Assessment design in an AI world
AI does not make assessment impossible. It makes some older assumptions less secure. This page gives you practical strategies for designing assessments that remain valid, meaningful, and defensible — across disciplines.
The question worth asking first
Before redesigning any assessment, ask: what is this task actually measuring? If a student used AI on this task, what would be lost — and does that matter?
For some tasks, the answer is: very little. If the task is producing a generic literature summary, AI can produce a reasonable version and the student producing it from scratch was not demonstrating much beyond the ability to summarise. That task may have needed redesigning before AI existed.
For other tasks, the answer is: everything. An oral presentation of original research, a clinical skills assessment, a studio critique, a live problem-solving session — these cannot be outsourced because they require the person to be present, thinking, and accountable.
So what does that mean? The starting point is not "how do I stop students using AI?" It is "what evidence of learning am I actually trying to capture, and how do I capture it in a way that AI cannot simply produce for them?"
Less secure and stronger evidence
Not all assessment types are equally vulnerable. The following gives you a practical map.
Four practical redesign strategies
These approaches work across disciplines — from humanities essays to lab reports to professional programme assessments. None requires abandoning existing assessment formats entirely.
- Add a process component. Ask students to submit not just the final product but evidence of the process — a research journal, annotated bibliography, draft with reflective commentary, or planning document. The process is much harder to outsource than the product. A student who cannot describe how they arrived at their argument has not done the intellectual work, regardless of whether AI was involved.
- Make it specific to your module. Tasks that require engagement with your actual teaching — specific lectures, seminars, your module's primary sources, discussions that happened in class — are much harder to shortcut with a general-purpose AI tool. The AI does not know what you taught. Your students do.
- Add a brief oral element. A five-minute follow-up conversation with the student about their submitted work — not a formal viva, just a short academic conversation — tells you more about their understanding than the written submission alone. Most students who have engaged with the work can explain it. Most who have not, cannot. This scales better than it sounds: ten minutes per student across a cohort of thirty is doable.
- Use staged submission. Break larger tasks into a sequence of checkpoints — a topic proposal, an outline, a partial draft, the final submission. Each stage is evidence. A student who produces a sophisticated final submission with no plausible development trail from their outline has a gap that is worth discussing.
Assessment types by discipline — what works
Different disciplines have different conventions and different starting points. These are not prescriptions — they are starting points for thinking.

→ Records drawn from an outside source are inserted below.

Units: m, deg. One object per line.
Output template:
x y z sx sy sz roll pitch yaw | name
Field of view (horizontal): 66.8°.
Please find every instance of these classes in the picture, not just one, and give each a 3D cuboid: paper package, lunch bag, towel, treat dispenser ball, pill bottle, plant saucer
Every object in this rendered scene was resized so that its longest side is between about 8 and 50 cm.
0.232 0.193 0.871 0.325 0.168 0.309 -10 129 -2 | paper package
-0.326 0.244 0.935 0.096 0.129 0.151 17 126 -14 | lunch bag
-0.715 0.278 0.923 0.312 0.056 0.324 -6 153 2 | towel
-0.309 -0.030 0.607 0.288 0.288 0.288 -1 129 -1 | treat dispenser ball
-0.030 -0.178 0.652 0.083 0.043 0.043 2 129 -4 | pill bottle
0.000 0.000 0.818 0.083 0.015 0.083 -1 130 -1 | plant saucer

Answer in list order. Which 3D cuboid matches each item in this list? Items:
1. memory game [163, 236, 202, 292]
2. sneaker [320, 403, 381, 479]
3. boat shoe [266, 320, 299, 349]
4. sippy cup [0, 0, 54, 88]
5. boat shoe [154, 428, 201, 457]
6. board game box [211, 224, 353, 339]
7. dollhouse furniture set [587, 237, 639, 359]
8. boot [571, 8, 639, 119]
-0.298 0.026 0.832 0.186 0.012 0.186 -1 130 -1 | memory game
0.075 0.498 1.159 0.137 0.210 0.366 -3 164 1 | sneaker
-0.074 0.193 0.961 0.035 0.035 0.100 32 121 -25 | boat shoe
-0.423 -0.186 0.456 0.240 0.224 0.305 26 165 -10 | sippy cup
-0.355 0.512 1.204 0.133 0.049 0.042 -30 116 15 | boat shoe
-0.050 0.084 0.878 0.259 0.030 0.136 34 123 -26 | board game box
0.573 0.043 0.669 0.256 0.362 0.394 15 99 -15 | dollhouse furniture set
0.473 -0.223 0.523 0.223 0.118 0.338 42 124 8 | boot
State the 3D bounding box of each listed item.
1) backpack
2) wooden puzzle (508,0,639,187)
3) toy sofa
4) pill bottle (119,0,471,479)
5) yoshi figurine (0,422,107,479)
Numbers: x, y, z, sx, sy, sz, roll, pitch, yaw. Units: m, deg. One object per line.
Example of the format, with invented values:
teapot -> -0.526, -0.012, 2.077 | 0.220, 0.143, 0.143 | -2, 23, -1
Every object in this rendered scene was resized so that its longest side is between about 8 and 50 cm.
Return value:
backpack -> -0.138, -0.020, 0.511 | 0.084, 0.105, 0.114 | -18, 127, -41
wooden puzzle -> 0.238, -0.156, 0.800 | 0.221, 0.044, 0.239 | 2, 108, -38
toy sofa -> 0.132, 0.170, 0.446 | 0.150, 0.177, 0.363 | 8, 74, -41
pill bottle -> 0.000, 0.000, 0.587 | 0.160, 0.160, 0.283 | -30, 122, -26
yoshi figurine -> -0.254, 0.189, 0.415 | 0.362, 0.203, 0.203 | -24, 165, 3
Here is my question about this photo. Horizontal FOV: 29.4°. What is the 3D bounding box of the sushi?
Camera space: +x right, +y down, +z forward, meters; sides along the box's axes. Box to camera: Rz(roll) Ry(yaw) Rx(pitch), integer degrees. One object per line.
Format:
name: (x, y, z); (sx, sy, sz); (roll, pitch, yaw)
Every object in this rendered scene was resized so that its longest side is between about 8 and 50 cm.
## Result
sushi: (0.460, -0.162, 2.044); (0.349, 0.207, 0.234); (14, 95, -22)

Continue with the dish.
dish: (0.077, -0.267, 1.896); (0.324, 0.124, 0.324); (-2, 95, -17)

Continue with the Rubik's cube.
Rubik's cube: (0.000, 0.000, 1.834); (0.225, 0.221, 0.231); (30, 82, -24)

Humanities and social sciences
The conventional essay is the most vulnerable format. Moves that help: require engagement with primary sources taught in your module rather than general research; require a critical commentary on the student's own argument; add an in-class component of 20–30 minutes that links to the essay topic; or shift toward oral presentation with Q&A. Seminar participation assessed via reflective log — written by the student about what they said and heard in seminars — is difficult to fabricate and high value.
Science and engineering
Lab reports are partially vulnerable — AI can produce the discussion and conclusion sections from given data. The lab work itself, the data collection, and the lab notebook remain strong evidence. Require students to annotate their own data with decisions they made during collection. Problem sets completed in supervised conditions remain robust. Open-ended design problems where students must justify their choices orally are strong.
Professional programmes — nursing, education, law, engineering
Clinical placement evidence, professional practice portfolios, and supervised performance assessments are inherently robust — the student must demonstrate capability in person. Written reflective components are more vulnerable. The most effective approach is to anchor reflective writing explicitly to specific, documented events in the student's own practice — an AI tool cannot replicate what happened during a specific placement shift with a specific patient or client.
Arts, design, and creative programmes
The studio critique, portfolio review, and process portfolio are already strong formats — the work and its development are visible, the student must discuss and defend it in real time. Written components that explain creative decisions made in the student's own practice are more robust than general critical essays. AI use in creative work itself is a substantive disciplinary conversation worth having explicitly with your programme.
Using AI to improve your assessment design
This is one of the highest-value uses of AI for HE staff. You can use it to stress-test your existing assessments, generate rubric language, produce sample student responses at different grade levels, or draft marking criteria.